---------- Data to process

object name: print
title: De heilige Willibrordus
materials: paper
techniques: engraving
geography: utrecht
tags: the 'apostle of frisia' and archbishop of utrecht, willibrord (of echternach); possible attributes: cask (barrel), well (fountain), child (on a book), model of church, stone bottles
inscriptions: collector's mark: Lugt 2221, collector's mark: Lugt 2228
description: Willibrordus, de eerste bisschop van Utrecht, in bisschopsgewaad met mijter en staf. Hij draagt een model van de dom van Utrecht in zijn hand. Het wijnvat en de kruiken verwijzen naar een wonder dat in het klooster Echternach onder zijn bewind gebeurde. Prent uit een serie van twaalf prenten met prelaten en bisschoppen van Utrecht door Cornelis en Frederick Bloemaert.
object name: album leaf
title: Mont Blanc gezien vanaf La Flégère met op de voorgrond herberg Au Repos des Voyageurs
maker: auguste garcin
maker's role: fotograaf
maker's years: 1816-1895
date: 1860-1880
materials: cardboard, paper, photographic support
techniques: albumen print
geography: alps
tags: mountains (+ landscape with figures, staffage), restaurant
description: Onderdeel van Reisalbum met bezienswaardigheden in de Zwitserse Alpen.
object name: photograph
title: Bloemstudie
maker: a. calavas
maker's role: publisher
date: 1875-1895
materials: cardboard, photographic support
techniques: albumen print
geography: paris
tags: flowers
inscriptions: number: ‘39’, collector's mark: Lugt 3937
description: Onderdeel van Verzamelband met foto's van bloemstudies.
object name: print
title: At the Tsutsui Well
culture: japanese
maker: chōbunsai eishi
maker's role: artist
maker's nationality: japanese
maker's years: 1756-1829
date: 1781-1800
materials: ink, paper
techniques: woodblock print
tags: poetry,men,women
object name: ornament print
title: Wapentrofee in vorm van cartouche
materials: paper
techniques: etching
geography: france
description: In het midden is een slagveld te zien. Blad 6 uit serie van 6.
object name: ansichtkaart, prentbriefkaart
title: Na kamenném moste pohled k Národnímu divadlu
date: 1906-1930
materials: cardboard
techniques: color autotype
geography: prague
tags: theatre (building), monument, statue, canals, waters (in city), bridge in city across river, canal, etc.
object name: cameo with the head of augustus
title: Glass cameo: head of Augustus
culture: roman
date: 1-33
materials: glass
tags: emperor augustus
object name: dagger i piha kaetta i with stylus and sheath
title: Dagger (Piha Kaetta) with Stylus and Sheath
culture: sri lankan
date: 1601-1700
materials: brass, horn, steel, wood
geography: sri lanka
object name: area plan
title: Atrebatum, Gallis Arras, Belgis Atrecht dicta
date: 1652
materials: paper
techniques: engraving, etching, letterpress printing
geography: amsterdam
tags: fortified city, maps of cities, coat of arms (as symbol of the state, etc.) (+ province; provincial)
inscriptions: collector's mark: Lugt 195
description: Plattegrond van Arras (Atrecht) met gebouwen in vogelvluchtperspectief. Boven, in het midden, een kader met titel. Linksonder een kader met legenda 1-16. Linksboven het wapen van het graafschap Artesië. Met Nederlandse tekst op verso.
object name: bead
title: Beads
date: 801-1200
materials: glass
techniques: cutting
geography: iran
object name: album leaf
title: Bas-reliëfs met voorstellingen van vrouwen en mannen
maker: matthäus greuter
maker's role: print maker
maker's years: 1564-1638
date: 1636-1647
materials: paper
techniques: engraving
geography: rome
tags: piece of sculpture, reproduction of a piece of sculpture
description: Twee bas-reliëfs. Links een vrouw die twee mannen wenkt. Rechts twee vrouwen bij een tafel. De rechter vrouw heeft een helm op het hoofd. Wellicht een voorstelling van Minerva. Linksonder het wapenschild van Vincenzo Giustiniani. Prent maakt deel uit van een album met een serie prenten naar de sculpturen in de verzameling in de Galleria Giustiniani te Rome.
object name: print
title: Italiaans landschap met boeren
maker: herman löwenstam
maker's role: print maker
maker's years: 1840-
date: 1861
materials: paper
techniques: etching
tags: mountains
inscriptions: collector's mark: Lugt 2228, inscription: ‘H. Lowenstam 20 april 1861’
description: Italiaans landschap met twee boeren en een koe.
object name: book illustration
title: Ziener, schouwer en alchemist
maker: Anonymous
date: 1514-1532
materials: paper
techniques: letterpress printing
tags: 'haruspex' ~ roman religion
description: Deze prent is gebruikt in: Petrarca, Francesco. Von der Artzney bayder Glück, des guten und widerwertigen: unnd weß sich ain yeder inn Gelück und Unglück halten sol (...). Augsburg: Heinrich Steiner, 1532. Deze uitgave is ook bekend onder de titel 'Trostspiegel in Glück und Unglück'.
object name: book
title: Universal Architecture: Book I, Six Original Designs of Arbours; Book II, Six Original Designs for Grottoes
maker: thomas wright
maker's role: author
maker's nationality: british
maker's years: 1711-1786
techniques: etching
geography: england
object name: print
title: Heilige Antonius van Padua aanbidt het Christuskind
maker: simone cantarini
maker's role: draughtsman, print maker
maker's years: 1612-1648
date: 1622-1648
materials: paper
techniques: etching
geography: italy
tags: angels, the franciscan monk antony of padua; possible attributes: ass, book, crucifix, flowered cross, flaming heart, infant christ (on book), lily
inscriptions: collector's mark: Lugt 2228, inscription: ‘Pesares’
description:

--------------------

What you have to do:
What you give back should be only the lines of the records above, starting at the line with "materials: brass, horn, steel, wood" and ending at the line with "geography: iran", restated word for word.

Solution below:
materials: brass, horn, steel, wood
geography: sri lanka
object name: area plan
title: Atrebatum, Gallis Arras, Belgis Atrecht dicta
date: 1652
materials: paper
techniques: engraving, etching, letterpress printing
geography: amsterdam
tags: fortified city, maps of cities, coat of arms (as symbol of the state, etc.) (+ province; provincial)
inscriptions: collector's mark: Lugt 195
description: Plattegrond van Arras (Atrecht) met gebouwen in vogelvluchtperspectief. Boven, in het midden, een kader met titel. Linksonder een kader met legenda 1-16. Linksboven het wapen van het graafschap Artesië. Met Nederlandse tekst op verso.
object name: bead
title: Beads
date: 801-1200
materials: glass
techniques: cutting
geography: iran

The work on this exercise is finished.